The opposition Syrian Observatory for Human Rights said 40 people, 30 of them civilians, were killed in Syria on Monday. Two rebel fighters died in Salaheddine.

Outgunned rebel fighters, patrolling in flat-bed trucks flying green-white-and-black "independence" flags, said they were holding out in Salaheddine despite a battering by the army's heavy weapons and helicopter gunships.

A fighter jet flew overhead, a reminder of the overwhelming military advantage still enjoyed by government forces.

"We always knew the regime's grave would be Aleppo," said Mohammed, a young fighter, fingering the bullets in his tattered brown ammunition vest.

"Damascus is the capital, but here we have a fourth of the country's population and the entire force of its economy. Bashar's forces will be buried here."

So far, however, the government's superiority on the ground means rebels have had little success in holding on to urban territory. The rebels made a major push into Damascus two weeks ago, but were driven out.

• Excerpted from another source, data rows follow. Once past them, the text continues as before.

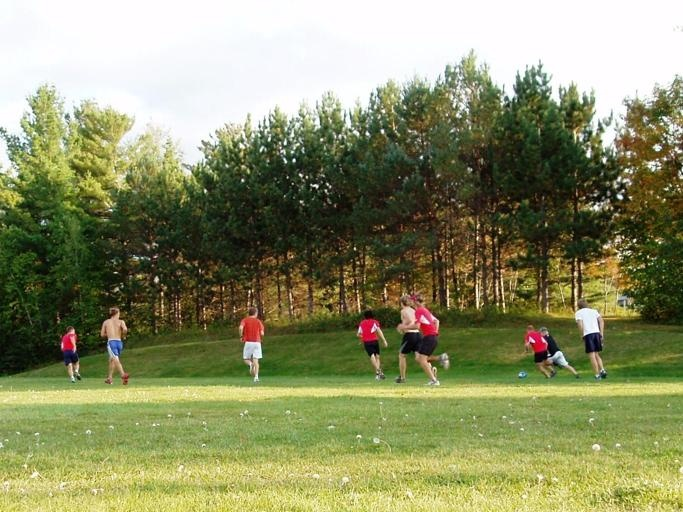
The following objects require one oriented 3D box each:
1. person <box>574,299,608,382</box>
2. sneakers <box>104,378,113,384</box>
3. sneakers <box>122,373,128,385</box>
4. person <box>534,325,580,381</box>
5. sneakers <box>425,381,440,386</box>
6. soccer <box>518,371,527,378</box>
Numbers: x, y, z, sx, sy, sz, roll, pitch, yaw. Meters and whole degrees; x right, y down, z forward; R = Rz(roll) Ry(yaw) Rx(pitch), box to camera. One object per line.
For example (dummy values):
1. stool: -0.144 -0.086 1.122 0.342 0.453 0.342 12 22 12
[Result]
1. person: 10.114 3.378 33.865 1.134 3.372 1.023 -3 7 -20
2. sneakers: -9.835 5.279 35.427 0.210 0.301 0.625 3 -5 -16
3. sneakers: -9.159 5.194 35.368 0.230 0.674 0.222 10 11 42
4. person: 9.172 4.170 35.898 1.418 2.640 1.010 -19 -21 31
5. sneakers: 3.519 4.915 32.471 0.505 0.271 0.191 3 -5 13
6. soccer: 7.720 5.068 35.705 0.357 0.455 0.507 4 -3 7
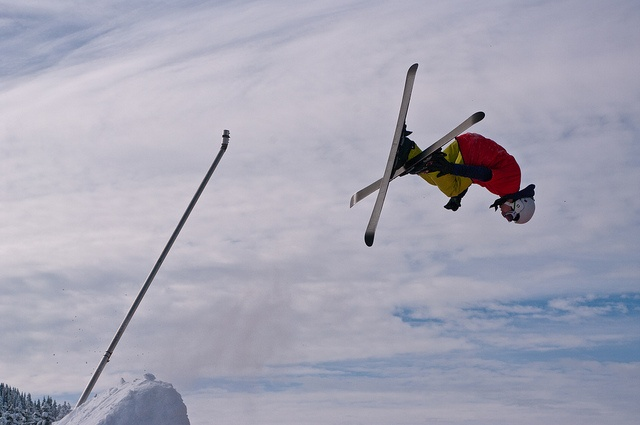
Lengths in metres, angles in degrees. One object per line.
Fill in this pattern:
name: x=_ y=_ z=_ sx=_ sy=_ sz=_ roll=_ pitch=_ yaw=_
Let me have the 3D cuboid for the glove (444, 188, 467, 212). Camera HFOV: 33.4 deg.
glove: x=2.195 y=-0.258 z=17.296 sx=0.158 sy=0.407 sz=0.300 roll=39 pitch=27 yaw=29
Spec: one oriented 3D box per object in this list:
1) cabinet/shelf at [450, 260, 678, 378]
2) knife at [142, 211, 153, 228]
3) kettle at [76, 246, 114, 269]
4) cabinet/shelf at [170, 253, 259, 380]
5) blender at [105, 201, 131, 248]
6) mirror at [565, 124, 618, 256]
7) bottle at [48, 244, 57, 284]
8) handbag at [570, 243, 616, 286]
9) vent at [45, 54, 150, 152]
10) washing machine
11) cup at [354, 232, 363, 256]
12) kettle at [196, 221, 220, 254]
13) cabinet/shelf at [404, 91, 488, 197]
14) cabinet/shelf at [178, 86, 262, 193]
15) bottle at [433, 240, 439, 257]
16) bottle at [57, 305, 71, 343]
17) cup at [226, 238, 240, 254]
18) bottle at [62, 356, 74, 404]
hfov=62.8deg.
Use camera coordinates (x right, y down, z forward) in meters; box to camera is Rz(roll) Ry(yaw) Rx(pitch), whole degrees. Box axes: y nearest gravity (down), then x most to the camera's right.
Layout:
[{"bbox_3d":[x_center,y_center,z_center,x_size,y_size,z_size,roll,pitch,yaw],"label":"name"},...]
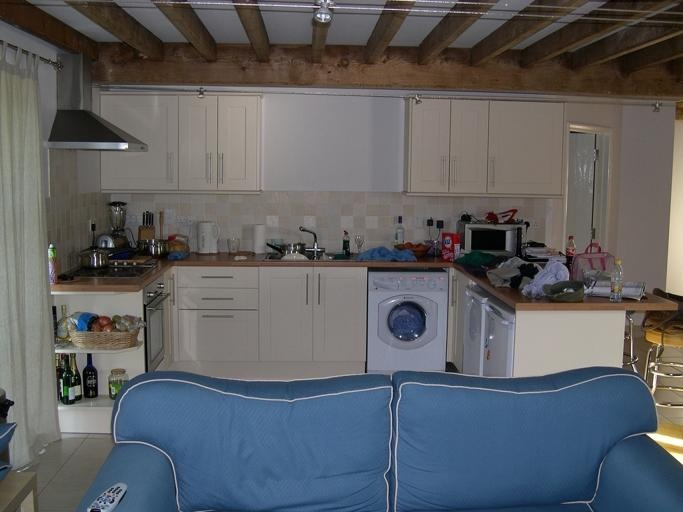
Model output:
[{"bbox_3d":[1.639,0.683,4.315,1.017,0.912,1.358,1,5,-2],"label":"cabinet/shelf"},{"bbox_3d":[-1.946,-0.371,5.604,0.111,0.180,0.196,-1,-4,-20],"label":"knife"},{"bbox_3d":[-2.081,0.011,4.770,0.188,0.132,0.214,0,-2,-5],"label":"kettle"},{"bbox_3d":[-1.040,0.548,5.559,1.060,1.281,0.813,0,0,-4],"label":"cabinet/shelf"},{"bbox_3d":[-2.151,-0.311,5.378,0.199,0.494,0.605,-1,-4,-22],"label":"blender"},{"bbox_3d":[2.881,-0.812,6.522,0.358,1.497,1.075,-3,-4,10],"label":"mirror"},{"bbox_3d":[-2.177,0.054,4.207,0.051,0.317,0.315,-1,-4,-28],"label":"bottle"},{"bbox_3d":[2.008,0.071,4.463,0.401,0.380,0.186,0,-2,-1],"label":"handbag"},{"bbox_3d":[-2.027,-1.231,4.902,0.786,0.985,0.905,1,0,-6],"label":"vent"},{"bbox_3d":[0.590,0.621,5.615,0.913,1.272,0.884,0,1,-1],"label":"washing machine"},{"bbox_3d":[0.189,-0.135,5.780,0.114,0.213,0.143,-2,-4,-3],"label":"cup"},{"bbox_3d":[-1.316,-0.174,5.488,0.295,0.300,0.210,0,1,-29],"label":"kettle"},{"bbox_3d":[1.020,-1.109,5.430,0.972,1.110,0.522,0,3,0],"label":"cabinet/shelf"},{"bbox_3d":[-1.191,-1.143,5.357,0.973,1.142,0.480,0,4,-1],"label":"cabinet/shelf"},{"bbox_3d":[0.967,-0.077,5.696,0.067,0.164,0.154,-3,-4,9],"label":"bottle"},{"bbox_3d":[-2.104,0.507,4.222,0.081,0.279,0.060,-1,-4,-31],"label":"bottle"},{"bbox_3d":[-1.102,-0.104,5.678,0.140,0.146,0.139,0,1,0],"label":"cup"},{"bbox_3d":[-2.105,0.941,4.280,0.110,0.371,0.040,-2,-3,-8],"label":"bottle"}]

The Syrian government has said it has recaptured Salaheddine. Reuters’ journalists in Aleppo have not been able to reach the neighbourhood to verify who holds it.

The army's assault on Salaheddine echoed its tactics in Damascus earlier this month when it used its overwhelming firepower to mop up rebel fighters district by district.

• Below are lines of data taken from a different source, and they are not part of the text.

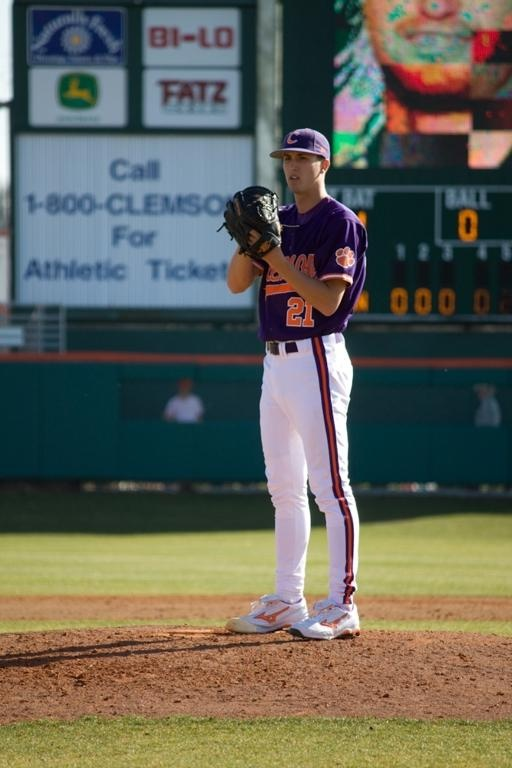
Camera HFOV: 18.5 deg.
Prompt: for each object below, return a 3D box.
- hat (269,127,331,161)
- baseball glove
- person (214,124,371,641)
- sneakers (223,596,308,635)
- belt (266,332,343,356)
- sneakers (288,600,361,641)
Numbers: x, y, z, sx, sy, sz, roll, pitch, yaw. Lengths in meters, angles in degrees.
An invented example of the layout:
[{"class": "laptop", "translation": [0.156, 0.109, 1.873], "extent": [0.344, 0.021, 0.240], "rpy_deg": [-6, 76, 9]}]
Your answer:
[{"class": "hat", "translation": [0.197, -0.992, 6.433], "extent": [0.197, 0.124, 0.149], "rpy_deg": [9, -3, -19]}, {"class": "baseball glove", "translation": [-0.009, -0.650, 6.329], "extent": [0.119, 0.313, 0.224], "rpy_deg": [2, -20, -23]}, {"class": "person", "translation": [0.177, -0.005, 6.489], "extent": [0.570, 2.065, 0.737], "rpy_deg": [-2, 11, 22]}, {"class": "sneakers", "translation": [0.064, 0.956, 6.584], "extent": [0.366, 0.177, 0.140], "rpy_deg": [-4, 0, -11]}, {"class": "belt", "translation": [0.199, -0.171, 6.435], "extent": [0.328, 0.077, 0.192], "rpy_deg": [-6, 11, 8]}, {"class": "sneakers", "translation": [0.292, 0.959, 6.415], "extent": [0.286, 0.155, 0.126], "rpy_deg": [-1, -3, -26]}]
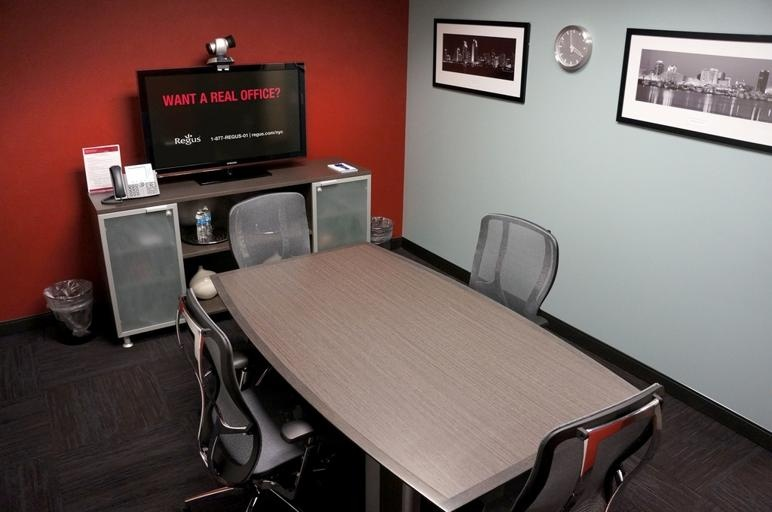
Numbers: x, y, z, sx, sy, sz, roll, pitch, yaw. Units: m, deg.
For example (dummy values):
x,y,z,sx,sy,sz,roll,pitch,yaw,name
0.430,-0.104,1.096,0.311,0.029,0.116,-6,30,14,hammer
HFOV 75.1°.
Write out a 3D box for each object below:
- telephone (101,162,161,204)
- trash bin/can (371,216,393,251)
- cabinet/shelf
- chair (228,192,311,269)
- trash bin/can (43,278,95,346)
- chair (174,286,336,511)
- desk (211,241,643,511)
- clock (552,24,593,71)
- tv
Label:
x,y,z,sx,sy,sz,roll,pitch,yaw,name
-2.171,-0.629,4.238,0.420,0.273,0.226,-17,39,-39,telephone
-0.050,-0.259,5.787,0.267,0.152,0.353,-9,24,-22,trash bin/can
-1.470,-0.130,5.111,2.604,1.284,0.900,-15,26,-34,cabinet/shelf
-0.924,-0.303,4.247,0.588,0.800,0.639,-14,34,-23,chair
-2.835,0.460,4.538,0.360,0.402,0.370,-19,34,-39,trash bin/can
-0.781,0.908,3.081,0.694,1.161,0.788,-16,41,-24,chair
0.240,0.624,2.823,1.353,0.492,2.142,-15,34,-32,desk
1.544,-1.713,4.106,0.084,0.425,0.384,-9,15,-35,clock
-1.557,-1.236,4.590,1.165,0.779,0.269,-13,28,-24,tv
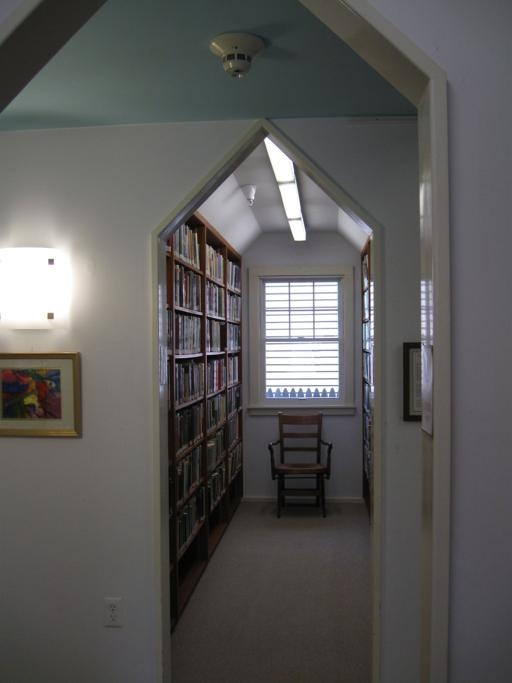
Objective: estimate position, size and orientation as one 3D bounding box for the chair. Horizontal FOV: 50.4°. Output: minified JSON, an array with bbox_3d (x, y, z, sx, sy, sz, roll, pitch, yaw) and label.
[{"bbox_3d":[0.415,1.124,5.007,0.599,1.348,0.665,0,-9,0],"label":"chair"}]

Assad's forces are determined not to let go of Aleppo, where defeat would be a serious strategic and psychological blow.

Military experts believe the rebels are too lightly armed and poorly commanded to overcome the army, whose artillery pounds the city at will and whose gunships control the skies.

"Yesterday they were shelling the area at a rate of two shells a minute. We couldn't move at all," a man calling himself a spokesman for the "Aleppo Revolution" said on Monday. "It's not true at all that the regime's forces are in Salaheddine."

Warfare has stilled the usual commercial bustle in this city of 2.5 million. Vegetable markets are open but few people are buying. Instead, crowds of sweating men and women wait nearly three hours to buy limited amounts of heavily subsidized bread.

In a city where loyalties have been divided, with sections of the population in favour of the Assad government, some seemed wary of speaking out in the presence of the fighters, many of whom have been drafted in from surrounding areas.